Electrophysiological profile of the new atypical neuroleptic, sertindole, on midbrain dopamine neurones in rats: acute and repeated treatment.

T Skarsfeldt1.   

Abstract

Sertindole (Lundbeck code No. Lu 23-174) (1-[2-[4-[5-chloro-1-(4-fluorophenyl)-1H-indol-3-yl]-1-piperidinyl] ethyl]-2-imidazolidinone) is a new potential neuroleptic compound. After 3 weeks of treatment sertindole shows an extreme selectivity to inhibit the number of spontaneously active dopaminergic (DA) neurones in ventral tegmental area (VTA) while leaving the number of active DA neurones in substantia nigra pars compacta (SNC) unaffected. Acute injection of apomorphine or baclofen reverse the inhibition of activity seen after repeated treatment with sertindole. This suggests that sertindole induces a depolarization inactivation of the DA neurones.
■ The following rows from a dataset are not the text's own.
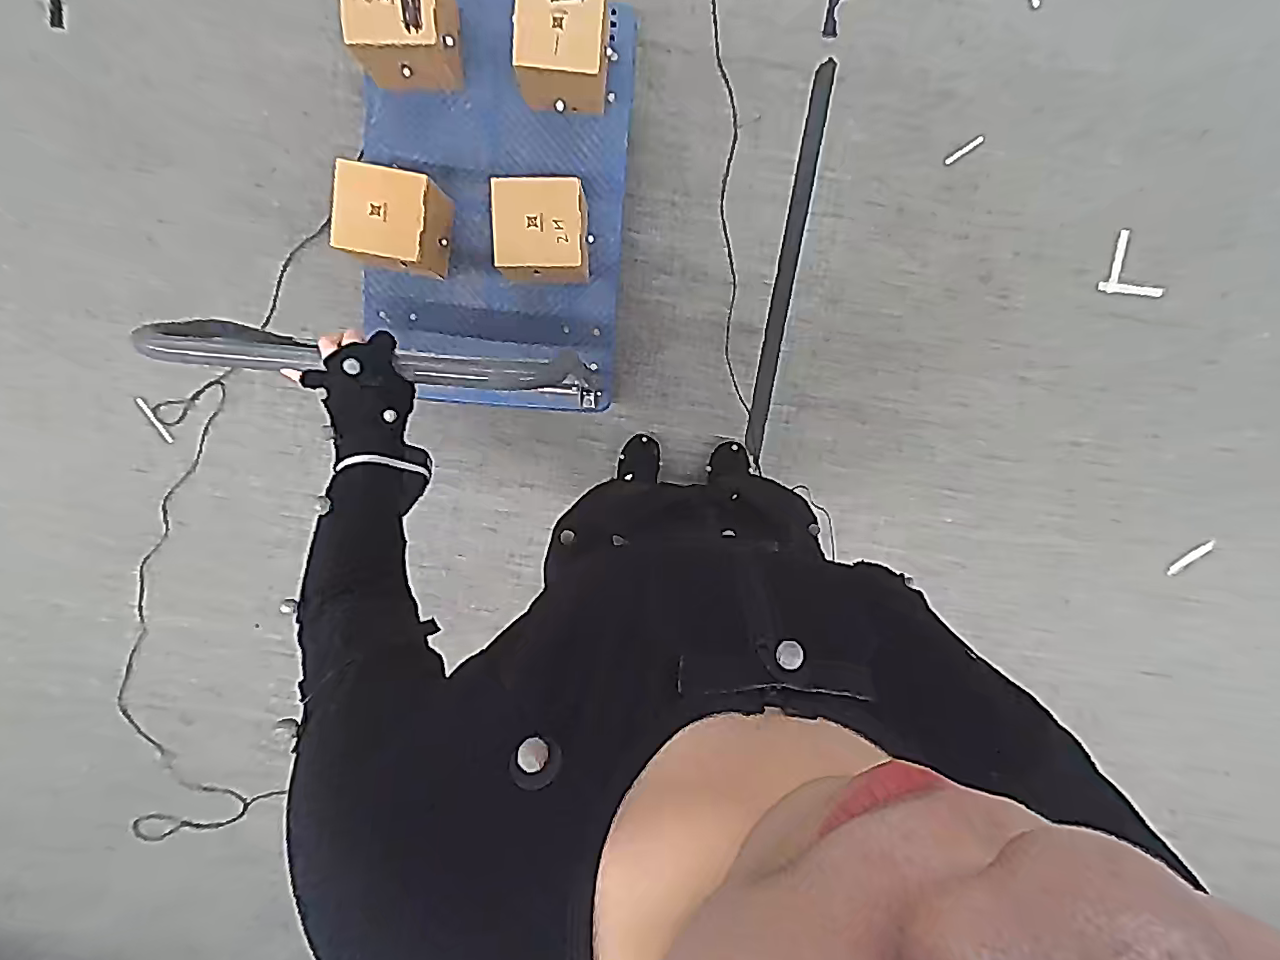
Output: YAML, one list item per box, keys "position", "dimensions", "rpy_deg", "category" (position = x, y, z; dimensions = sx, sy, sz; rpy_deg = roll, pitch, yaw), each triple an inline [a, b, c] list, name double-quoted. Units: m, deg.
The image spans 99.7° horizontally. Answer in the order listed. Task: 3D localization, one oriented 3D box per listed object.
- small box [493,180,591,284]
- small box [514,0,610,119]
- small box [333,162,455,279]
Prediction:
- position: [-0.200, -0.512, 1.137]
  dimensions: [0.179, 0.176, 0.168]
  rpy_deg: [0, 100, -1]
  category: "small box"
- position: [-0.149, -0.865, 1.079]
  dimensions: [0.168, 0.176, 0.179]
  rpy_deg: [5, 100, -2]
  category: "small box"
- position: [-0.507, -0.531, 1.131]
  dimensions: [0.179, 0.176, 0.168]
  rpy_deg: [8, 99, -4]
  category: "small box"

The depolarization inactivation is reversible since normal activity of DA neurones is found in both SNC and VTA after two weeks withdrawal from repeated treatment with a low dose with sertindole. One or two weeks administration of a high dose of sertindole induced only minor effects on the DA neurones in VTA; i.e., in order to obtain the depolarization inactivation sertindole requires 3 weeks of treatment as has also been reported for other neuroleptics. Three weeks of treatment with clozapine induces a selective inhibition of the active DA neurones in VTA but at much higher doses than seen with sertindole, while haloperidol induces a non-selective decrease of spontaneously active DA neurones in both areas. In acute electrophysiological experiments intravenous (i.v.) administration of sertindole--in contrast to both clozapine and haloperidol--neither reverse d-amphetamine- nor apomorphine-induced inhibition of the firing frequencies of DA neurones in SNC or in VTA. In addition, sertindole does not--even in high doses--increase the firing frequency of DA neurones in SNC or VTA.(ABSTRACT TRUNCATED AT 250 WORDS)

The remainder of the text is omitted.